$f: \mathbb{R^2} \to \mathbb{R}$ a $C^\infty$ function such that $f(x,0)=f(0,y)=0$ then exists $g$ such that $f(x,y)=xy\, g(x,y)$
Solution 1:
We are expanding the hint by zhw. \begin{align} f(x, y) &= f(x, y) - f(0,0) \\ &= \int_0^1 \frac{d}{dt} f(tx, ty)\, \mathrm dt \\ &= \int_0^1 \left( x f_x (tx, ty) + y f_y (tx, ty) \right)\, \mathrm dt \\ &= x\int_0^1 f_x (tx, ty) \, \mathrm dt + y \int_0^1 f_y (tx, ty) \, \mathrm dt \end{align}
Since $f(x, 0) = 0$, $f_x(tx, 0) = 0$. Thus
\begin{align} \int_0^1 f_x (tx, ty)\, \mathrm dt &= \int_0^1 (f_x (tx, ty) - f_x(tx,0)) \,\mathrm dt \\ &= \int_0^1 \int_0^t \frac{d}{ds} f_x (tx , sy)\, \mathrm ds\, \mathrm dt \\ &= y \int_0^1 \int_0^t f_{xy} (tx, sy) \, \mathrm ds\, \mathrm dt \\ &:= y g_1(x, y) \end{align}
Similarly, using $f(0, y) = 0$, $f_y(0, ty) = 0$. Thus
$$ \int_0^1 f_y (tx, ty)\, \mathrm dt = x \int_0^1 \int_0^t f_{yx} (sx, ty) \, \mathrm ds\, \mathrm dt := x g_2(x, y).$$
Since $f$ is smooth, it is clear that $g_1, g_2$ are smooth.

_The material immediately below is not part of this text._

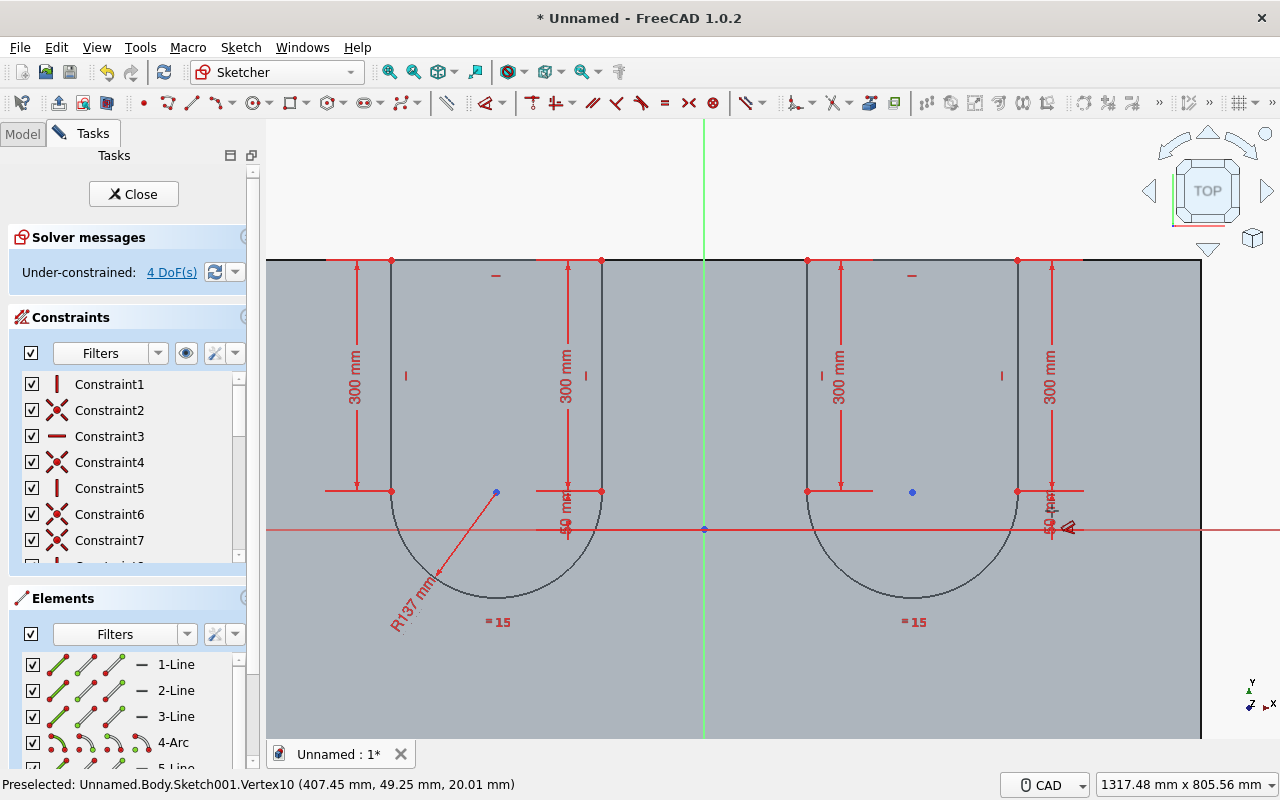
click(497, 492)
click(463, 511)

Thus $$ f(x, y) = xy g(x, y)$$
with $g = g_1 + g_2$.
Solution 2:
Here's a hint for a nice way to do this. First, go back to one variable. Suppose $f\in C^\infty(\mathbb R)$ and $f(0)= 0.$ Is it true that $f(x) = x g(x),$ where $g\in C^\infty(\mathbb R)?$ Yes. Here's the proof:
$$f(x) = f(x) - f(0) = \int_0^x f'(t)\,dt = x\int_0^1 f'(xs)\,ds.$$
Now verify that $x\to \int_0^1 f'(xs)\,ds$ is in $\mathbb C^\infty(R),$ which is is relatively straightforward.
See if you can make this idea work in the setting of the given higher-dimensional problem.